Firth begins the film by stepping up to a microphone as if going to the gallows; as the second son of King George V (Michael Gambon), he’s expected to make public addresses using the new medium of radio, which simply heightens his lifelong humiliation by bringing his awkward stuttering and choked speech to a far larger audience. After a series of failed attempts to ameliorate the problem with vocal coaches, his wife Elizabeth (Helena Bonham Carter) pairs him with unconventional Australian Geoffrey Rush. Firth initially takes offense at Rush’s liberties—among other things, he insists on calling his subject “Bertie” and treating him as an equal—but Firth gradually unbends under Rush’s calm, implacable style and unflagging good humor.

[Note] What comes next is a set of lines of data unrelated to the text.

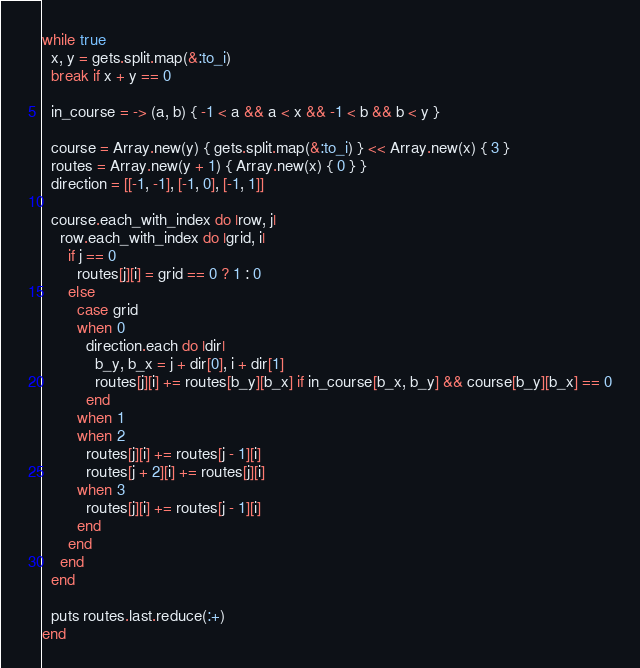<code> <loc_0><loc_0><loc_500><loc_500><_Ruby_>while true
  x, y = gets.split.map(&:to_i)
  break if x + y == 0
  
  in_course = -> (a, b) { -1 < a && a < x && -1 < b && b < y }
  
  course = Array.new(y) { gets.split.map(&:to_i) } << Array.new(x) { 3 }
  routes = Array.new(y + 1) { Array.new(x) { 0 } }
  direction = [[-1, -1], [-1, 0], [-1, 1]]
  
  course.each_with_index do |row, j|
    row.each_with_index do |grid, i|
      if j == 0
        routes[j][i] = grid == 0 ? 1 : 0
      else
        case grid
        when 0
          direction.each do |dir|
            b_y, b_x = j + dir[0], i + dir[1]
            routes[j][i] += routes[b_y][b_x] if in_course[b_x, b_y] && course[b_y][b_x] == 0
          end
        when 1
        when 2
          routes[j][i] += routes[j - 1][i]
          routes[j + 2][i] += routes[j][i]
        when 3
          routes[j][i] += routes[j - 1][i]
        end
      end
    end
  end
  
  puts routes.last.reduce(:+)
end</code> 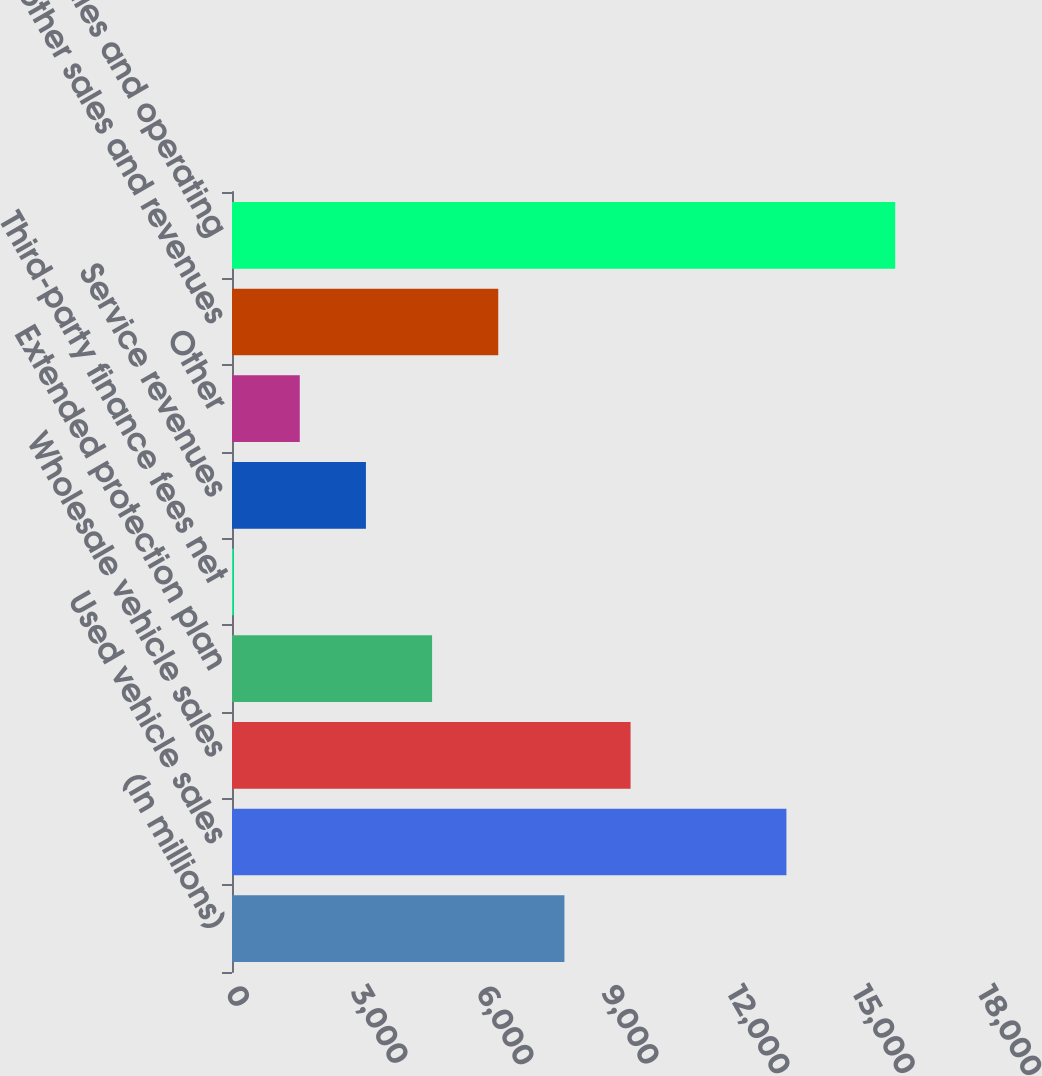<chart> <loc_0><loc_0><loc_500><loc_500><bar_chart><fcel>(In millions)<fcel>Used vehicle sales<fcel>Wholesale vehicle sales<fcel>Extended protection plan<fcel>Third-party finance fees net<fcel>Service revenues<fcel>Other<fcel>Total other sales and revenues<fcel>Total net sales and operating<nl><fcel>7956.75<fcel>13270.7<fcel>9540.42<fcel>4789.41<fcel>38.4<fcel>3205.74<fcel>1622.07<fcel>6373.08<fcel>15875.1<nl></chart> 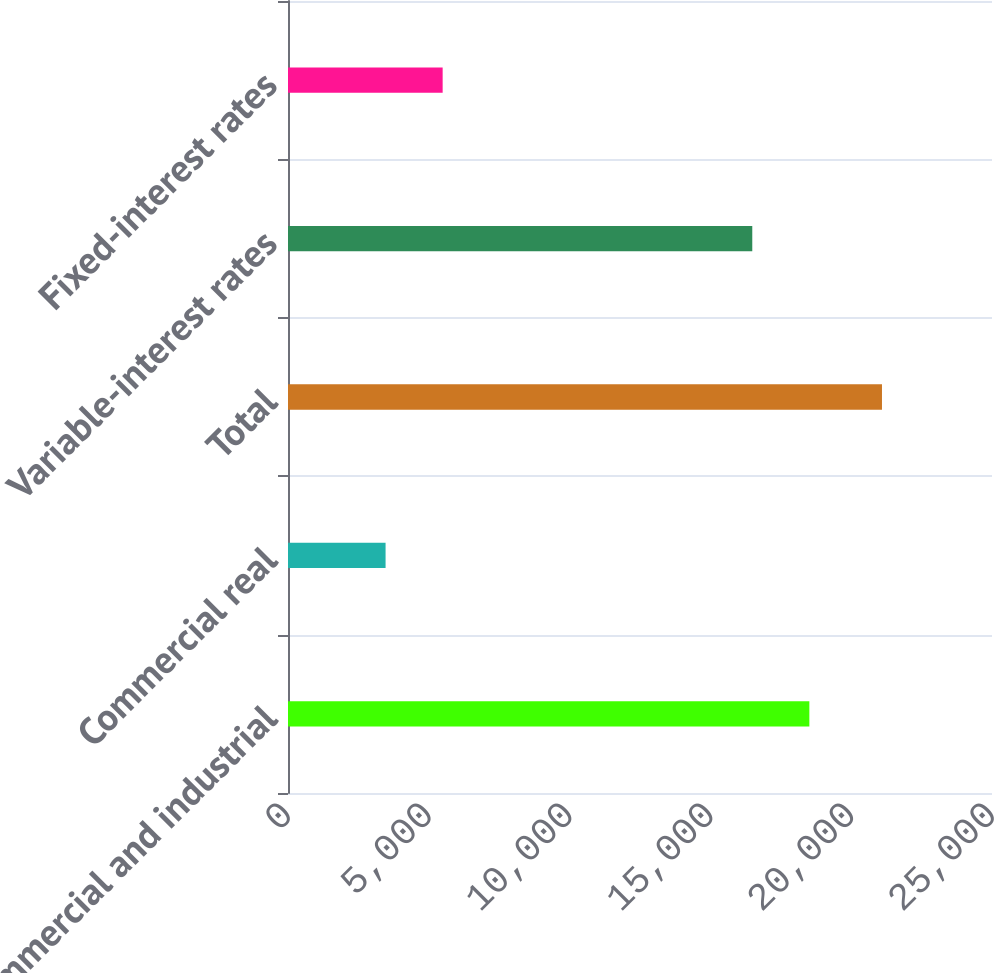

The relationship is more unconventional than the film; director Tom Hooper (The Damned United) peppers his feature with manipulations, from swelling music to painfully intimate close-ups to heartstring-jerking shots of Firth’s sad-eyed subjects humbly hanging on his every word. And a late-film disruption between Firth and Rush comes at the most narratively overwrought moment imaginable, straining credulity in the name of conventionality. But Firth is unmissable as he paints his character in layers upon layers, with his helplessness, pride, misery, and wrath apparent in every hitching syllable and self-hating joke. The King’s Speech is admirably free of easy answers and simple, happy endings; it’s a skewed, awards-ready version of history, but one polished to a fine, satisfying shine.